After dinner, the dancing started on one deck and the celebrities were signing autographs on the deck below. The line never got any shorter. Not until we got on it. A couple of girls got on line behind us and then that was in for the following hour of the cruise. I could've stayed on the dance floor and possibly Electric Slided (electically slid?) into newswoman Naomi DiClemente and had essentially the same place in line an hour later. But conversation with strangers is something New Yorkers do best. That is, when we're not totally ignoring total strangers, which we're pretty good at, too.

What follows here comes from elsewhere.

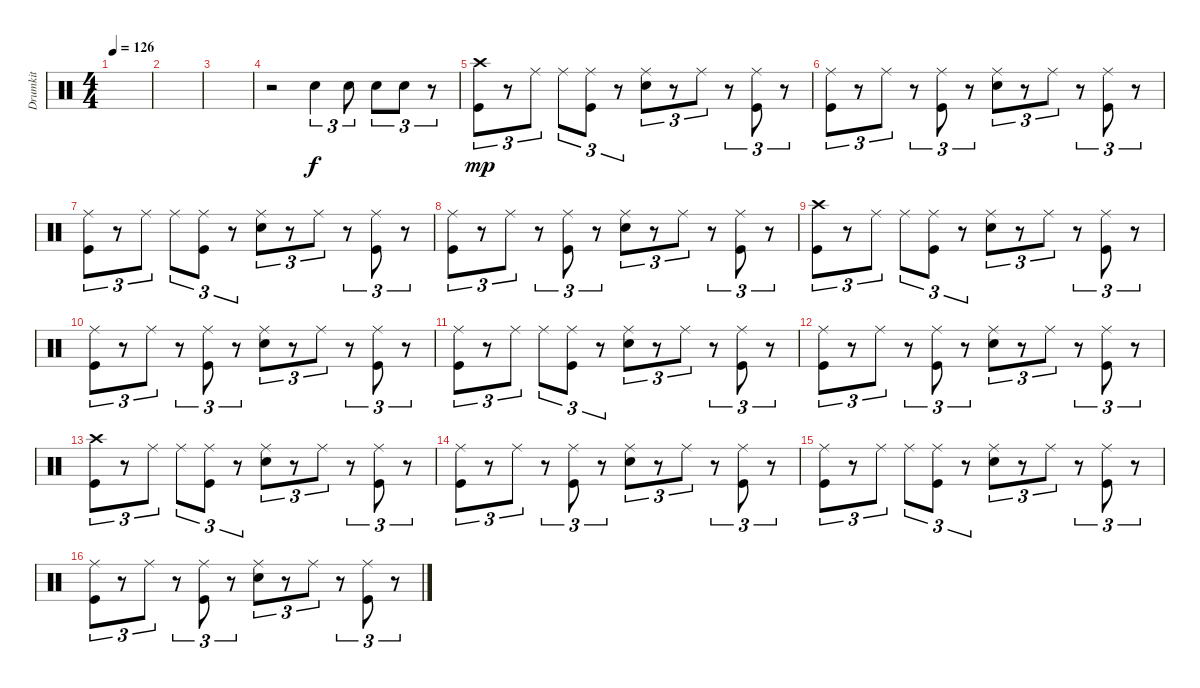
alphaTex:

So I didn't have a camera on me (or if I did, it wasn't working), but I did have a journal on me. Back then, I had a mini-notebook on me all the time, and I tried to write in it every day. Usually, I was writing while riding home on the subway. I'm sure my poor penmanship suffered, but it's when I had the most solitude to write -- on crowded, evening rush hour subway trains. I worked far enough uptown that I usually had a seat, except when I had to give up a seat for a mother-to-be or the elderly. (Watch out for the Wednesday matinee crowd!)

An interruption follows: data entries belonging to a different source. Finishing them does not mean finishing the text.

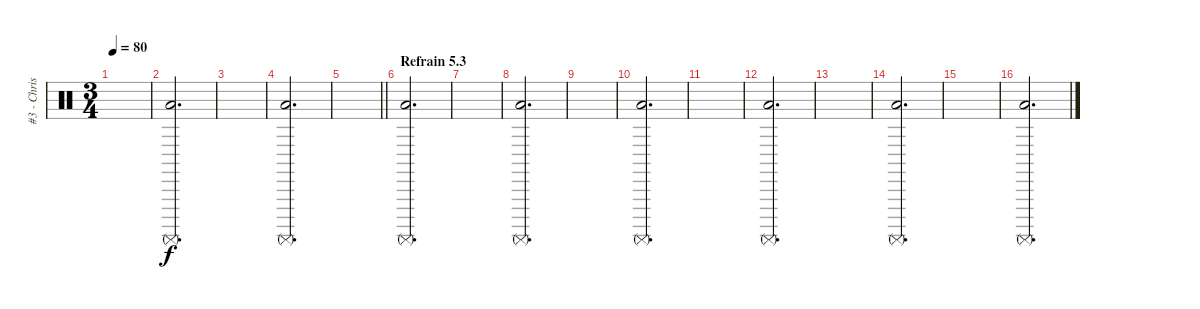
\track ("#3 - Chris Fehn" "#3 - Chris") {instrument percussion}
\staff {score}
\articulation defaults
\ts (3 4)
\tempo 80
\clef neutral
\ks c
|
("Low Floor Tom (hit)" "Surdo (mute)").2{d volume 16} |
|
("Low Floor Tom (hit)" "Surdo (mute)").2{d} |
\barLineRight lightlight
|
\section ("" "Refrain 5.3")
("Low Floor Tom (hit)" "Surdo (mute)").2{d} |
|
("Low Floor Tom (hit)" "Surdo (mute)").2{d} |
|
("Low Floor Tom (hit)" "Surdo (mute)").2{d volume 16} |
|
("Low Floor Tom (hit)" "Surdo (mute)").2{d} |
|
("Low Floor Tom (hit)" "Surdo (mute)").2{d} |
|
("Low Floor Tom (hit)" "Surdo (mute)").2{d}

When we finally got to meet them, Ann B. Davis, Alice, was at the first table. I asked her to sign my journal, opening it to a fresh page. She was impressed that I had a journal. At that point, Marcy asked if I wanted a picture with Ann. C'mon now: Who could say "no" to a picture with Ann B. Davis? Ann was obviously used to this, and had probably posed for dozens of pictures already that night. There's a table between us, so I leaned back and Ann leaned forward. Apparently, we weren't close enough because Ann pulled me back to narrow the gap as Marcy took the picture. (Or maybe she told Dean to take the picture? Could be.)

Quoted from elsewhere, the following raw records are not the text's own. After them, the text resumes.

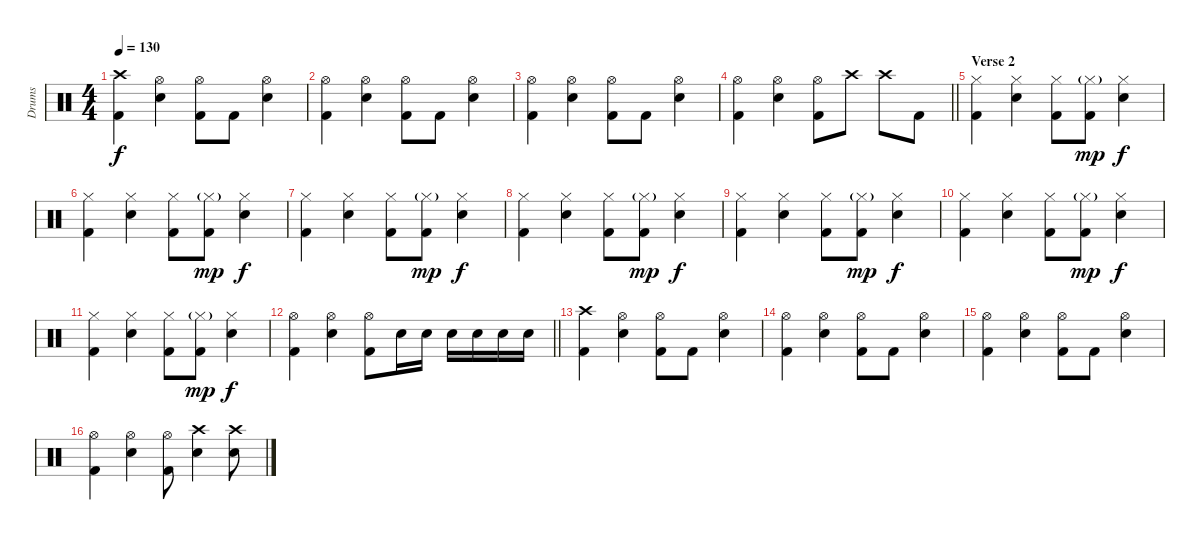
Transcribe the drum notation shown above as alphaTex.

\track ("Drums" "Drums") {instrument percussion}
\staff {score}
\articulation defaults
\ts (4 4)
\tempo 130
\clef neutral
\ks c
("Crash high (hit)" "Kick (hit) 2").4{dy f} ("Hi-Hat (open)" "Electric Snare (hit)").4 ("Hi-Hat (open)" "Kick (hit) 2").8 "Kick (hit) 2".8 ("Hi-Hat (open)" "Electric Snare (hit)").4 |
("Hi-Hat (open)" "Kick (hit) 2").4 ("Hi-Hat (open)" "Electric Snare (hit)").4 ("Hi-Hat (open)" "Kick (hit) 2").8 "Kick (hit) 2".8 ("Hi-Hat (open)" "Electric Snare (hit)").4 |
("Hi-Hat (open)" "Kick (hit) 2").4 ("Hi-Hat (open)" "Electric Snare (hit)").4 ("Hi-Hat (open)" "Kick (hit) 2").8 "Kick (hit) 2".8 ("Hi-Hat (open)" "Electric Snare (hit)").4 |
\barLineRight lightlight
("Hi-Hat (open)" "Kick (hit) 2").4 ("Hi-Hat (open)" "Electric Snare (hit)").4 ("Hi-Hat (open)" "Kick (hit) 2").8 "Crash high (hit)".8 "Crash high (hit)".8 "Kick (hit) 2".8 |
\section ("" "Verse 2")
("Hi-Hat (closed)" "Kick (hit) 2").4 ("Hi-Hat (closed)" "Electric Snare (hit)").4 ("Hi-Hat (closed)" "Kick (hit) 2").8 ("Hi-Hat (closed)"{g} "Kick (hit) 2").8{dy mp} ("Hi-Hat (closed)" "Electric Snare (hit)").4{dy f} |
("Hi-Hat (closed)" "Kick (hit) 2").4 ("Hi-Hat (closed)" "Electric Snare (hit)").4 ("Hi-Hat (closed)" "Kick (hit) 2").8 ("Hi-Hat (closed)"{g} "Kick (hit) 2").8{dy mp} ("Hi-Hat (closed)" "Electric Snare (hit)").4{dy f} |
("Hi-Hat (closed)" "Kick (hit) 2").4 ("Hi-Hat (closed)" "Electric Snare (hit)").4 ("Hi-Hat (closed)" "Kick (hit) 2").8 ("Hi-Hat (closed)"{g} "Kick (hit) 2").8{dy mp} ("Hi-Hat (closed)" "Electric Snare (hit)").4{dy f} |
("Hi-Hat (closed)" "Kick (hit) 2").4 ("Hi-Hat (closed)" "Electric Snare (hit)").4 ("Hi-Hat (closed)" "Kick (hit) 2").8 ("Hi-Hat (closed)"{g} "Kick (hit) 2").8{dy mp} ("Hi-Hat (closed)" "Electric Snare (hit)").4{dy f} |
("Hi-Hat (closed)" "Kick (hit) 2").4 ("Hi-Hat (closed)" "Electric Snare (hit)").4 ("Hi-Hat (closed)" "Kick (hit) 2").8 ("Hi-Hat (closed)"{g} "Kick (hit) 2").8{dy mp} ("Hi-Hat (closed)" "Electric Snare (hit)").4{dy f} |
("Hi-Hat (closed)" "Kick (hit) 2").4 ("Hi-Hat (closed)" "Electric Snare (hit)").4 ("Hi-Hat (closed)" "Kick (hit) 2").8 ("Hi-Hat (closed)"{g} "Kick (hit) 2").8{dy mp} ("Hi-Hat (closed)" "Electric Snare (hit)").4{dy f} |
("Hi-Hat (closed)" "Kick (hit) 2").4 ("Hi-Hat (closed)" "Electric Snare (hit)").4 ("Hi-Hat (closed)" "Kick (hit) 2").8 ("Hi-Hat (closed)"{g} "Kick (hit) 2").8{dy mp} ("Hi-Hat (closed)" "Electric Snare (hit)").4{dy f} |
\barLineRight lightlight
("Hi-Hat (open)" "Kick (hit) 2").4 ("Hi-Hat (open)" "Electric Snare (hit)").4 ("Hi-Hat (open)" "Kick (hit) 2").8 "Electric Snare (hit)".16 "Electric Snare (hit)".16 "Electric Snare (hit)".16 "Electric Snare (hit)".16 "Electric Snare (hit)".16 "Electric Snare (hit)".16 |
("Crash high (hit)" "Kick (hit) 2").4 ("Hi-Hat (open)" "Electric Snare (hit)").4 ("Hi-Hat (open)" "Kick (hit) 2").8 "Kick (hit) 2".8 ("Hi-Hat (open)" "Electric Snare (hit)").4 |
("Hi-Hat (open)" "Kick (hit) 2").4 ("Hi-Hat (open)" "Electric Snare (hit)").4 ("Hi-Hat (open)" "Kick (hit) 2").8 "Kick (hit) 2".8 ("Hi-Hat (open)" "Electric Snare (hit)").4 |
("Hi-Hat (open)" "Kick (hit) 2").4 ("Hi-Hat (open)" "Electric Snare (hit)").4 ("Hi-Hat (open)" "Kick (hit) 2").8 "Kick (hit) 2".8 ("Hi-Hat (open)" "Electric Snare (hit)").4 |
("Hi-Hat (open)" "Kick (hit) 2").4 ("Hi-Hat (open)" "Electric Snare (hit)").4 ("Hi-Hat (open)" "Kick (hit) 2").8 ("Crash high (hit)" "Electric Snare (hit)").4 ("Crash high (hit)" "Electric Snare (hit)").8

We met Barry and Susan. Marcy points out all the blank pages in the journal to "Cindy" and says that she needs to write her life story. Susan declines and adds a note in my journal that she's already written her life story. (Thanks, Marcy -- I had a thing for Cindy when I was, like 12 -- go and ruin it for me. Well, there was still Naomi ...)

The rest of the evening was fun ... and short because we really were on line a long time. When we pulled back into port, Marcy insisted that they give me a lift home, from lower Manhattan all the way out to Bensonhurst, my first apartment after I got married. I gave them my address, and they promised to send me a copy of the picture. Well, it never came. It's been twenty years, and still nothing. Granted, I moved out of that apartment within three years, so maybe it's sitting in a Dead letter pile at Bath Beach Station.

However, in the intervening years, the Internet has evolved, and who knows, maybe this will go viral and someone will see it. Maybe that someone will know a Dean who has a mother named Marcy. Maybe Marcy still has that picture of some oddball they met on a cruise, sitting someone in a shoebox with other pictures in the bottom of a closet behind from old mixtapes. Maybe the Internet can finally answer the question for me:

Where is my picture of me and Ann B. Davis?